- Work to complete:
Repeat all of the records word for word, but skip any picture.

- Stored items:
--- START ---
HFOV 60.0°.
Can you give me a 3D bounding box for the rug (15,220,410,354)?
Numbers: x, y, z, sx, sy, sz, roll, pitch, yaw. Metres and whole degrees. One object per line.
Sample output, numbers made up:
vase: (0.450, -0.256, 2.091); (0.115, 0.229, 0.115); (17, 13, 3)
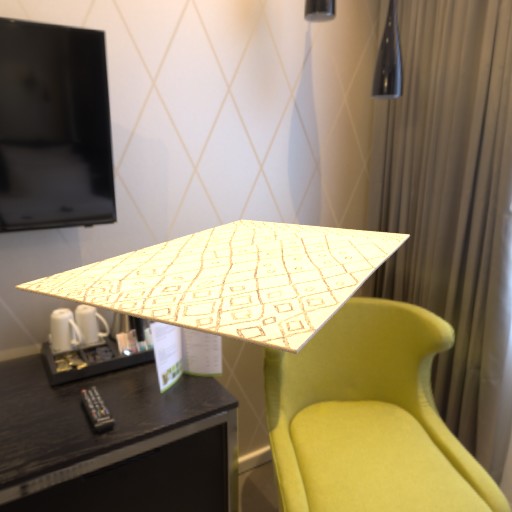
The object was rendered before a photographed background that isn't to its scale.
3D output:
rug: (0.000, 0.000, 2.282); (1.222, 0.015, 1.828); (7, 16, 27)
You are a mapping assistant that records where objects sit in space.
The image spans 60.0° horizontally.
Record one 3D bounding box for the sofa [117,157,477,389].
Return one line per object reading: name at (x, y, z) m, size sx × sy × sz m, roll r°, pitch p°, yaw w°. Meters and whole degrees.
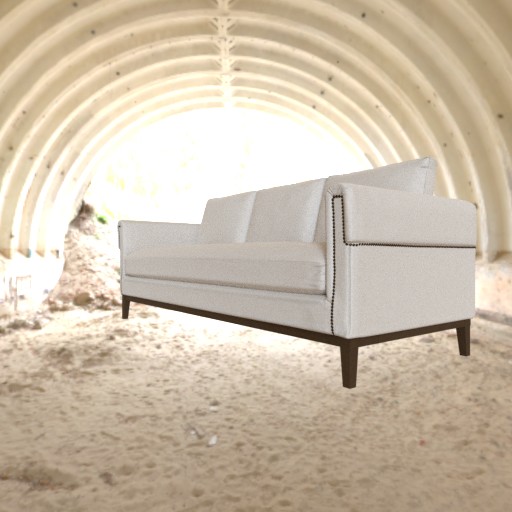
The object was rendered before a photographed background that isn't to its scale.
sofa at (0.000, 0.000, 2.618) m, size 0.902 × 0.911 × 2.198 m, roll 0°, pitch 0°, yaw -38°
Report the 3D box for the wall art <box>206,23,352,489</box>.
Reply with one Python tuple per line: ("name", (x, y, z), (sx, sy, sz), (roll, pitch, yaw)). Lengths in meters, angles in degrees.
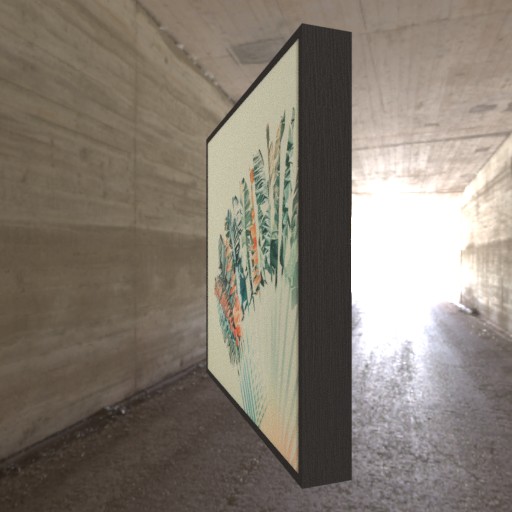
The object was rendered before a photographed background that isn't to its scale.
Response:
("wall art", (0.000, 0.000, 0.435), (0.036, 0.300, 0.302), (0, 0, -18))
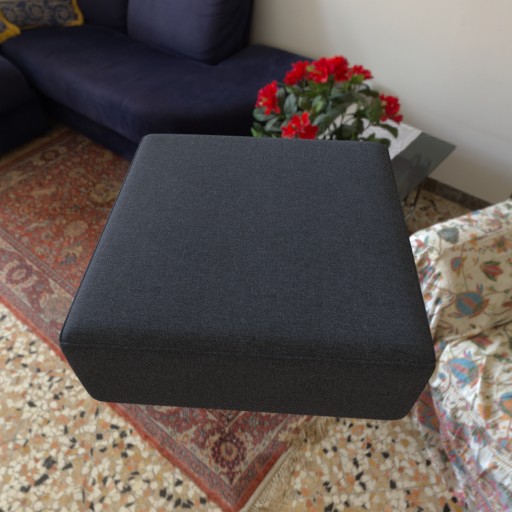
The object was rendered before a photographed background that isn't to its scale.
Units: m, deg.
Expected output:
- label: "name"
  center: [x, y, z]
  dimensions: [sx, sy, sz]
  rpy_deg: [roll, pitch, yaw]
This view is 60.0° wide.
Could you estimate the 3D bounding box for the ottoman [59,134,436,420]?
- label: "ottoman"
  center: [0.000, 0.000, 1.566]
  dimensions: [1.000, 0.439, 1.000]
  rpy_deg: [3, 48, 3]
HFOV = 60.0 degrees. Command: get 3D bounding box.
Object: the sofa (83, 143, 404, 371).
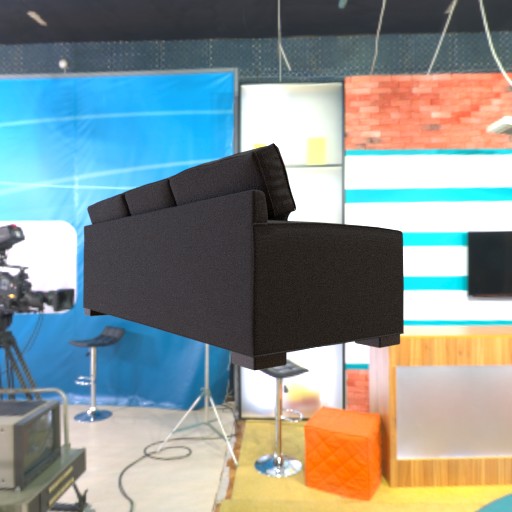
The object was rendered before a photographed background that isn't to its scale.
[{"bbox_3d":[0.000,0.000,3.232,1.790,0.973,2.370,0,-1,-37],"label":"sofa"}]
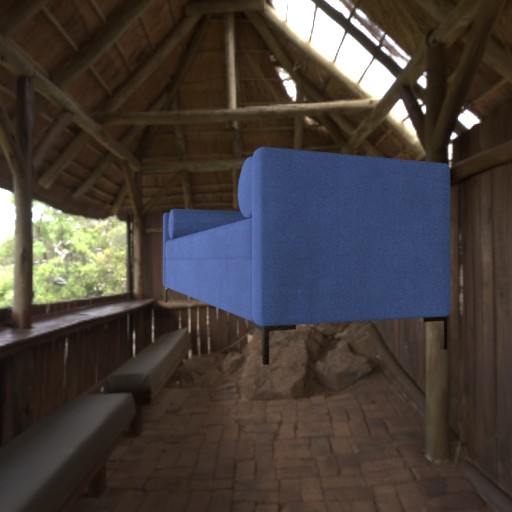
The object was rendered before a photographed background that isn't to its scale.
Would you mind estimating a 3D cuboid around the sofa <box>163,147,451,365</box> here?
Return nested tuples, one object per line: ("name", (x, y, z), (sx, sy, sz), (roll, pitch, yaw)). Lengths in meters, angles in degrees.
("sofa", (0.000, 0.000, 2.292), (0.686, 0.635, 1.981), (0, -1, -20))
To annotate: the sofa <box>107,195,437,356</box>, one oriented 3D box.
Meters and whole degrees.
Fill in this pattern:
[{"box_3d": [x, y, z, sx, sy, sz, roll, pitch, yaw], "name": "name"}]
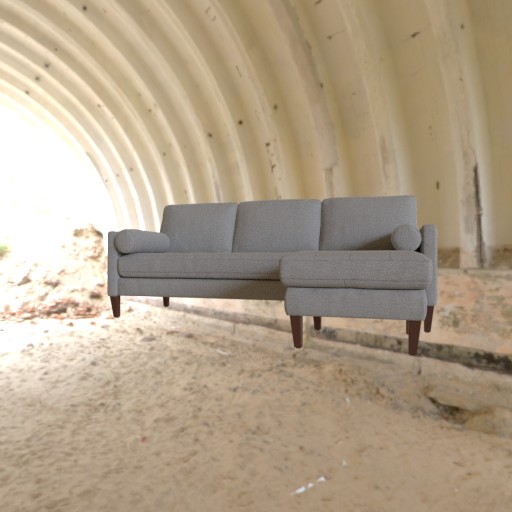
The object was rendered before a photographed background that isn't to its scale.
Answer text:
--- END ---
- Answer box:
HFOV 60.0°.
Can you give me a 3D bounding box for the rug (15,220,410,354)?
Numbers: x, y, z, sx, sy, sz, roll, pitch, yaw. Metres and whole degrees. One object per line.
Sample output, numbers made up:
vase: (0.450, -0.256, 2.091); (0.115, 0.229, 0.115); (17, 13, 3)
The object was rendered before a photographed background that isn't to its scale.
3D output:
rug: (0.000, 0.000, 2.282); (1.222, 0.015, 1.828); (7, 16, 27)
You are a mapping assistant that records where objects sit in space.
The image spans 60.0° horizontally.
Record one 3D bounding box for the sofa [117,157,477,389].
Return one line per object reading: name at (x, y, z) m, size sx × sy × sz m, roll r°, pitch p°, yaw w°. Meters and whole degrees.
The object was rendered before a photographed background that isn't to its scale.
sofa at (0.000, 0.000, 2.618) m, size 0.902 × 0.911 × 2.198 m, roll 0°, pitch 0°, yaw -38°
Report the 3D box for the wall art <box>206,23,352,489</box>.
Reply with one Python tuple per line: ("name", (x, y, z), (sx, sy, sz), (roll, pitch, yaw)). Lengths in meters, angles in degrees.
The object was rendered before a photographed background that isn't to its scale.
Response:
("wall art", (0.000, 0.000, 0.435), (0.036, 0.300, 0.302), (0, 0, -18))
The object was rendered before a photographed background that isn't to its scale.
Units: m, deg.
Expected output:
- label: "name"
  center: [x, y, z]
  dimensions: [sx, sy, sz]
  rpy_deg: [roll, pitch, yaw]
This view is 60.0° wide.
Could you estimate the 3D bounding box for the ottoman [59,134,436,420]?
- label: "ottoman"
  center: [0.000, 0.000, 1.566]
  dimensions: [1.000, 0.439, 1.000]
  rpy_deg: [3, 48, 3]
HFOV = 60.0 degrees. Command: get 3D bounding box.
Object: the sofa (83, 143, 404, 371).
The object was rendered before a photographed background that isn't to its scale.
[{"bbox_3d":[0.000,0.000,3.232,1.790,0.973,2.370,0,-1,-37],"label":"sofa"}]
The object was rendered before a photographed background that isn't to its scale.
Would you mind estimating a 3D cuboid around the sofa <box>163,147,451,365</box> here?
Return nested tuples, one object per line: ("name", (x, y, z), (sx, sy, sz), (roll, pitch, yaw)). Lengths in meters, angles in degrees.
("sofa", (0.000, 0.000, 2.292), (0.686, 0.635, 1.981), (0, -1, -20))
To annotate: the sofa <box>107,195,437,356</box>, one oriented 3D box.
Meters and whole degrees.
Fill in this pattern:
[{"box_3d": [x, y, z, sx, sy, sz, roll, pitch, yaw], "name": "name"}]
The object was rendered before a photographed background that isn't to its scale.
Answer text:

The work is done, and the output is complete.